- Stored records -
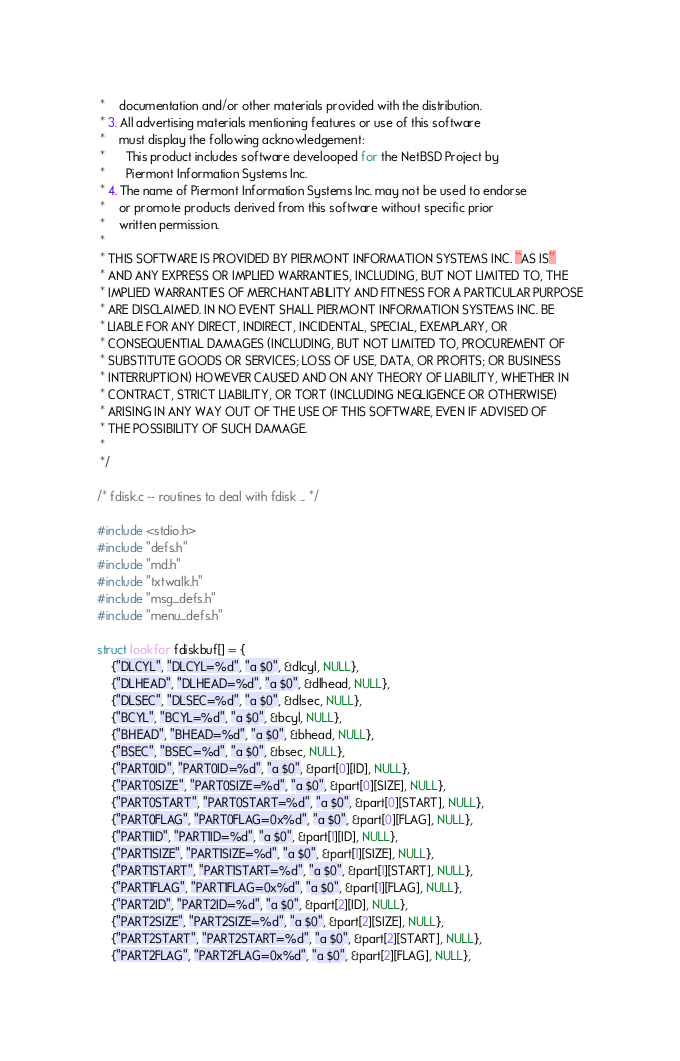<code> <loc_0><loc_0><loc_500><loc_500><_C_> *    documentation and/or other materials provided with the distribution.
 * 3. All advertising materials mentioning features or use of this software
 *    must display the following acknowledgement:
 *      This product includes software develooped for the NetBSD Project by
 *      Piermont Information Systems Inc.
 * 4. The name of Piermont Information Systems Inc. may not be used to endorse
 *    or promote products derived from this software without specific prior
 *    written permission.
 *
 * THIS SOFTWARE IS PROVIDED BY PIERMONT INFORMATION SYSTEMS INC. ``AS IS''
 * AND ANY EXPRESS OR IMPLIED WARRANTIES, INCLUDING, BUT NOT LIMITED TO, THE
 * IMPLIED WARRANTIES OF MERCHANTABILITY AND FITNESS FOR A PARTICULAR PURPOSE
 * ARE DISCLAIMED. IN NO EVENT SHALL PIERMONT INFORMATION SYSTEMS INC. BE 
 * LIABLE FOR ANY DIRECT, INDIRECT, INCIDENTAL, SPECIAL, EXEMPLARY, OR 
 * CONSEQUENTIAL DAMAGES (INCLUDING, BUT NOT LIMITED TO, PROCUREMENT OF 
 * SUBSTITUTE GOODS OR SERVICES; LOSS OF USE, DATA, OR PROFITS; OR BUSINESS
 * INTERRUPTION) HOWEVER CAUSED AND ON ANY THEORY OF LIABILITY, WHETHER IN
 * CONTRACT, STRICT LIABILITY, OR TORT (INCLUDING NEGLIGENCE OR OTHERWISE)
 * ARISING IN ANY WAY OUT OF THE USE OF THIS SOFTWARE, EVEN IF ADVISED OF 
 * THE POSSIBILITY OF SUCH DAMAGE.
 *
 */

/* fdisk.c -- routines to deal with fdisk ... */

#include <stdio.h>
#include "defs.h"
#include "md.h"
#include "txtwalk.h"
#include "msg_defs.h"
#include "menu_defs.h"

struct lookfor fdiskbuf[] = {
	{"DLCYL", "DLCYL=%d", "a $0", &dlcyl, NULL},
	{"DLHEAD", "DLHEAD=%d", "a $0", &dlhead, NULL},
	{"DLSEC", "DLSEC=%d", "a $0", &dlsec, NULL},
	{"BCYL", "BCYL=%d", "a $0", &bcyl, NULL},
	{"BHEAD", "BHEAD=%d", "a $0", &bhead, NULL},
	{"BSEC", "BSEC=%d", "a $0", &bsec, NULL},
	{"PART0ID", "PART0ID=%d", "a $0", &part[0][ID], NULL},
	{"PART0SIZE", "PART0SIZE=%d", "a $0", &part[0][SIZE], NULL},
	{"PART0START", "PART0START=%d", "a $0", &part[0][START], NULL},
	{"PART0FLAG", "PART0FLAG=0x%d", "a $0", &part[0][FLAG], NULL},
	{"PART1ID", "PART1ID=%d", "a $0", &part[1][ID], NULL},
	{"PART1SIZE", "PART1SIZE=%d", "a $0", &part[1][SIZE], NULL},
	{"PART1START", "PART1START=%d", "a $0", &part[1][START], NULL},
	{"PART1FLAG", "PART1FLAG=0x%d", "a $0", &part[1][FLAG], NULL},
	{"PART2ID", "PART2ID=%d", "a $0", &part[2][ID], NULL},
	{"PART2SIZE", "PART2SIZE=%d", "a $0", &part[2][SIZE], NULL},
	{"PART2START", "PART2START=%d", "a $0", &part[2][START], NULL},
	{"PART2FLAG", "PART2FLAG=0x%d", "a $0", &part[2][FLAG], NULL},</code>

- WORK REQUEST -
Quote the data exactly, leaving every image out of the copy.

- RESPONSE TO THIS TASK -
<code> <loc_0><loc_0><loc_500><loc_500><_C_> *    documentation and/or other materials provided with the distribution.
 * 3. All advertising materials mentioning features or use of this software
 *    must display the following acknowledgement:
 *      This product includes software develooped for the NetBSD Project by
 *      Piermont Information Systems Inc.
 * 4. The name of Piermont Information Systems Inc. may not be used to endorse
 *    or promote products derived from this software without specific prior
 *    written permission.
 *
 * THIS SOFTWARE IS PROVIDED BY PIERMONT INFORMATION SYSTEMS INC. ``AS IS''
 * AND ANY EXPRESS OR IMPLIED WARRANTIES, INCLUDING, BUT NOT LIMITED TO, THE
 * IMPLIED WARRANTIES OF MERCHANTABILITY AND FITNESS FOR A PARTICULAR PURPOSE
 * ARE DISCLAIMED. IN NO EVENT SHALL PIERMONT INFORMATION SYSTEMS INC. BE 
 * LIABLE FOR ANY DIRECT, INDIRECT, INCIDENTAL, SPECIAL, EXEMPLARY, OR 
 * CONSEQUENTIAL DAMAGES (INCLUDING, BUT NOT LIMITED TO, PROCUREMENT OF 
 * SUBSTITUTE GOODS OR SERVICES; LOSS OF USE, DATA, OR PROFITS; OR BUSINESS
 * INTERRUPTION) HOWEVER CAUSED AND ON ANY THEORY OF LIABILITY, WHETHER IN
 * CONTRACT, STRICT LIABILITY, OR TORT (INCLUDING NEGLIGENCE OR OTHERWISE)
 * ARISING IN ANY WAY OUT OF THE USE OF THIS SOFTWARE, EVEN IF ADVISED OF 
 * THE POSSIBILITY OF SUCH DAMAGE.
 *
 */

/* fdisk.c -- routines to deal with fdisk ... */

#include <stdio.h>
#include "defs.h"
#include "md.h"
#include "txtwalk.h"
#include "msg_defs.h"
#include "menu_defs.h"

struct lookfor fdiskbuf[] = {
	{"DLCYL", "DLCYL=%d", "a $0", &dlcyl, NULL},
	{"DLHEAD", "DLHEAD=%d", "a $0", &dlhead, NULL},
	{"DLSEC", "DLSEC=%d", "a $0", &dlsec, NULL},
	{"BCYL", "BCYL=%d", "a $0", &bcyl, NULL},
	{"BHEAD", "BHEAD=%d", "a $0", &bhead, NULL},
	{"BSEC", "BSEC=%d", "a $0", &bsec, NULL},
	{"PART0ID", "PART0ID=%d", "a $0", &part[0][ID], NULL},
	{"PART0SIZE", "PART0SIZE=%d", "a $0", &part[0][SIZE], NULL},
	{"PART0START", "PART0START=%d", "a $0", &part[0][START], NULL},
	{"PART0FLAG", "PART0FLAG=0x%d", "a $0", &part[0][FLAG], NULL},
	{"PART1ID", "PART1ID=%d", "a $0", &part[1][ID], NULL},
	{"PART1SIZE", "PART1SIZE=%d", "a $0", &part[1][SIZE], NULL},
	{"PART1START", "PART1START=%d", "a $0", &part[1][START], NULL},
	{"PART1FLAG", "PART1FLAG=0x%d", "a $0", &part[1][FLAG], NULL},
	{"PART2ID", "PART2ID=%d", "a $0", &part[2][ID], NULL},
	{"PART2SIZE", "PART2SIZE=%d", "a $0", &part[2][SIZE], NULL},
	{"PART2START", "PART2START=%d", "a $0", &part[2][START], NULL},
	{"PART2FLAG", "PART2FLAG=0x%d", "a $0", &part[2][FLAG], NULL},</code>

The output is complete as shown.